The WordPress adapter projects a WordPress site onto an ACT tree via the WP REST API. Posts and pages become nodes, categories become branches, tags become metadata, Gutenberg blocks become ACT prose blocks, and the Polylang / WPML extensions map to ACT locales. A faithful implementation reaches Standard out of the box and Strict when locales and marketing:* mappings are configured.

Live example. A built copy of the wordpress-blog example (sourced from a recorded REST fixture) is deployed at /examples/wordpress-blog/. Open it in the site browser to walk the post / category tree.

Status

This is a first-party reference adapter distributed as @act-spec/adapter-wordpress, new in v0.2. The mapping below is normative. The adapter is read-only — it consumes the public wp/v2/* REST endpoints. Auth is OPTIONAL: public posts are readable without credentials; private content requires an application-password bearer token.

Source content model

A WordPress site exposes (via wp-json/wp/v2/):

  • Posts (posts) — dated articles keyed by numeric id, with a slug, title, excerpt, content (rendered HTML and/or Gutenberg block JSON), and references to authors, categories, tags, and featured media.
  • Pages (pages) — hierarchical static pages with a parent field linking to a parent page.
  • Categories (categories) — taxonomies grouping posts; each carries a name, slug, description, and optional parent for hierarchical category trees.
  • Tags (tags) — flat taxonomies; metadata only.
  • Users (users) — author records; surfaced as metadata.author.
  • Media (media) — uploaded assets with URL, MIME type, and alt text.
  • Custom post types (configured by the WordPress site) — exposed under wp-json/wp/v2/<cpt-slug> when show_in_rest: true. The adapter accepts an explicit customPostTypes list.
  • Gutenberg blocks — when the site stores content as block JSON (recent WordPress versions), the ?context=edit endpoint exposes the block tree directly. Otherwise the adapter falls back to parsing rendered HTML.

Auth modes:

  • Public: no credentials. Only status: publish content is visible.
  • Application password (recommended for private content): basic auth with a user-scoped application password. The token is treated as a secret.
  • Bearer (JWT plugin): alternative for sites running a JWT auth plugin; configured via auth.bearer.

Mapping to ACT nodes

SourceACT node typeRequired ACT fieldsNotes
Postleafid, type (default "article"), locale, title, content, parentsparent is the synthetic posts branch unless categories take precedence
Page (root, no parent)branchid, type (default "page"), childrenchildren are sibling pages whose parent matches
Page (nested)branchas abovewalks the page hierarchy via the parent field
Category (with assigned posts)branchid, type ("category"), children, titlehierarchical via the category’s parent; OPT-OUT via taxonomies.categories: false
TagEXCLUDED (metadata only)tags surface as node.tags[] on associated posts; not nodes themselves unless OPT-IN via taxonomies.tags: true
User (author)EXCLUDEDsurfaced as metadata.author: { id, name, slug } on associated posts
Featured media (image)block-level referenceinlined as marketing:image (Plus) at the top of the post’s content[] or as a markdown image link (Standard)
Custom post type entry whose slug is in customPostTypesleafas for poststype derived from defaults.<cpt-slug> or "article"

Default field heuristics:

  • titletitle.rendered (HTML decoded). Missing title is recoverable: emit a partial node titled "Untitled <type> <id>".
  • summaryexcerpt.rendered stripped of HTML tags. Otherwise extracted from the body via the Markdown adapter’s algorithm (./markdown.md).
  • body (the content array) ← Gutenberg block tree when available (per the table below); otherwise rendered-HTML conversion to prose blocks via a sanitizer pipeline.
  • tags ← associated tag names (resolved via the tags array of numeric IDs).
  • related ← reference fields configured under mappings.<type>.related.

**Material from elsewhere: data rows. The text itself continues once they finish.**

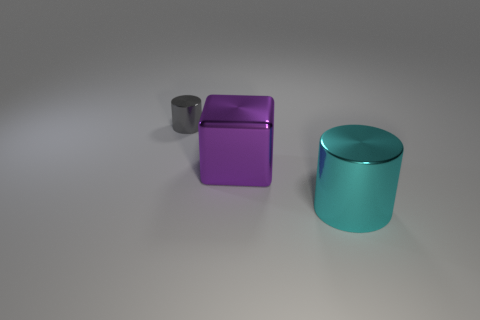Are there any other things that are the same size as the gray metallic thing?
Provide a succinct answer. No. What number of other large shiny blocks have the same color as the big cube?
Provide a short and direct response. 0. There is a small metallic thing; is its color the same as the cylinder to the right of the small shiny thing?
Offer a terse response. No. What number of things are either purple balls or metal things that are on the left side of the cyan cylinder?
Ensure brevity in your answer.  2. There is a cylinder that is behind the shiny cylinder that is right of the cube; what size is it?
Give a very brief answer. Small. Is the number of purple blocks that are on the left side of the tiny gray metal object the same as the number of cyan metal things that are behind the large shiny cube?
Give a very brief answer. Yes. Is there a large cyan shiny cylinder that is left of the metallic cylinder that is to the right of the gray shiny thing?
Ensure brevity in your answer.  No. What is the shape of the large object that is made of the same material as the large cylinder?
Provide a succinct answer. Cube. Are there any other things that have the same color as the metallic block?
Your answer should be compact. No. What material is the purple cube that is left of the cylinder that is in front of the block made of?
Your answer should be very brief. Metal. 
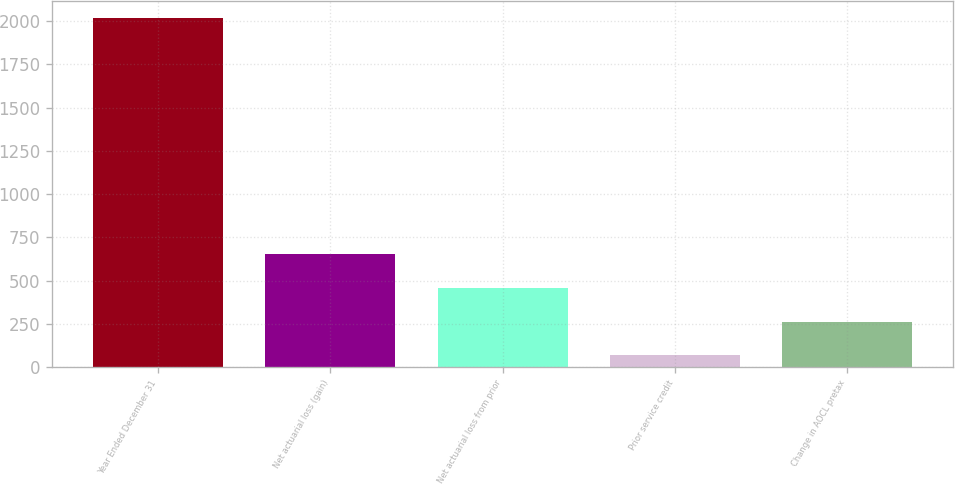Convert chart to OTSL. <chart><loc_0><loc_0><loc_500><loc_500><bar_chart><fcel>Year Ended December 31<fcel>Net actuarial loss (gain)<fcel>Net actuarial loss from prior<fcel>Prior service credit<fcel>Change in AOCL pretax<nl><fcel>2016<fcel>652.4<fcel>457.6<fcel>68<fcel>262.8<nl></chart> 
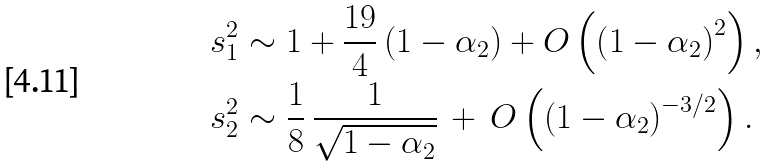Convert formula to latex. <formula><loc_0><loc_0><loc_500><loc_500>s _ { 1 } ^ { 2 } & \sim 1 + \frac { 1 9 } { 4 } \left ( 1 - \alpha _ { 2 } \right ) + O \left ( \left ( 1 - \alpha _ { 2 } \right ) ^ { 2 } \right ) , \\ s _ { 2 } ^ { 2 } & \sim \frac { 1 } { 8 } \, \frac { 1 } { \sqrt { 1 - \alpha _ { 2 } } } \, + \, O \left ( \left ( 1 - \alpha _ { 2 } \right ) ^ { - 3 / 2 } \right ) .</formula> 
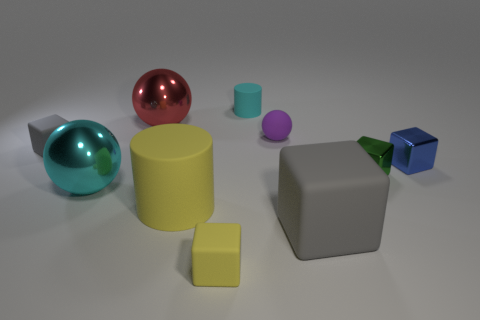What material is the cyan thing left of the tiny matte thing that is in front of the big rubber object on the left side of the cyan cylinder?
Offer a terse response. Metal. The yellow cylinder that is the same material as the tiny yellow object is what size?
Give a very brief answer. Large. The red thing is what shape?
Your response must be concise. Sphere. Do the small gray thing and the cyan thing that is left of the small yellow cube have the same material?
Your answer should be compact. No. What is the shape of the small thing that is in front of the yellow object that is behind the small yellow object?
Give a very brief answer. Cube. How many objects are metallic blocks that are in front of the blue shiny block or objects behind the tiny yellow rubber block?
Your response must be concise. 9. There is a yellow thing that is the same size as the cyan cylinder; what is it made of?
Your answer should be very brief. Rubber. The big rubber cylinder has what color?
Your response must be concise. Yellow. There is a ball that is on the left side of the tiny cyan cylinder and in front of the big red thing; what is it made of?
Provide a succinct answer. Metal. Are there any big cylinders in front of the matte cube in front of the gray matte object that is right of the purple rubber object?
Your answer should be compact. No.

ID derivation (per idStrategy):

  • from: "slug" (default) → <namespace>/<slug> for posts; <namespace>/pages/<slug> for pages; <namespace>/categories/<slug> for categories.
  • from: "id"<namespace>/<numeric-id>.
  • from: "permalink" → derived from the rendered URL path.

A meta field named act_id (configurable; visible via ?_fields=meta) wins over the strategy. Default namespace is wp.

Gutenberg block → ACT block mapping

Gutenberg blockACT blockNotes
core/paragraphprose (format: "markdown" if marks/links present, else "plain")inline marks preserved as markdown
core/headingprose with leading # markers, format: "markdown"level from the block’s level attribute
core/listprose with markdown list syntaxordered vs unordered from block attributes
core/quoteprose with > quotingcitation appended on a new line
core/code, core/preformattedcode block with lang from the className (e.g., language-js)
core/imagemarketing:image (Plus) or markdown image link (Standard)resolved via the embedded URL
core/embed (YouTube, Twitter, etc.)marketing:embed (Plus) or code block with the URL (Standard)
core/tableprose with markdown table syntax
core/separatorprose with text: "---"
core/htmlprose with format: "html" (Plus) or sanitized to markdown (Standard)
core/columns, core/group, core/cover (layout)container only — children are walked at the parent’s levellayout discarded; ACT does not model visual layout
Block matching mappings.<type>.blocks.<blockName>the configured marketing:* blockrequired block fields validated; missing fields fall back to marketing:placeholder
Block with no rulemarketing:placeholder (Plus) or warn + skip (Standard)carries metadata.extracted_via: "component-contract" and metadata.component: "<blockName>"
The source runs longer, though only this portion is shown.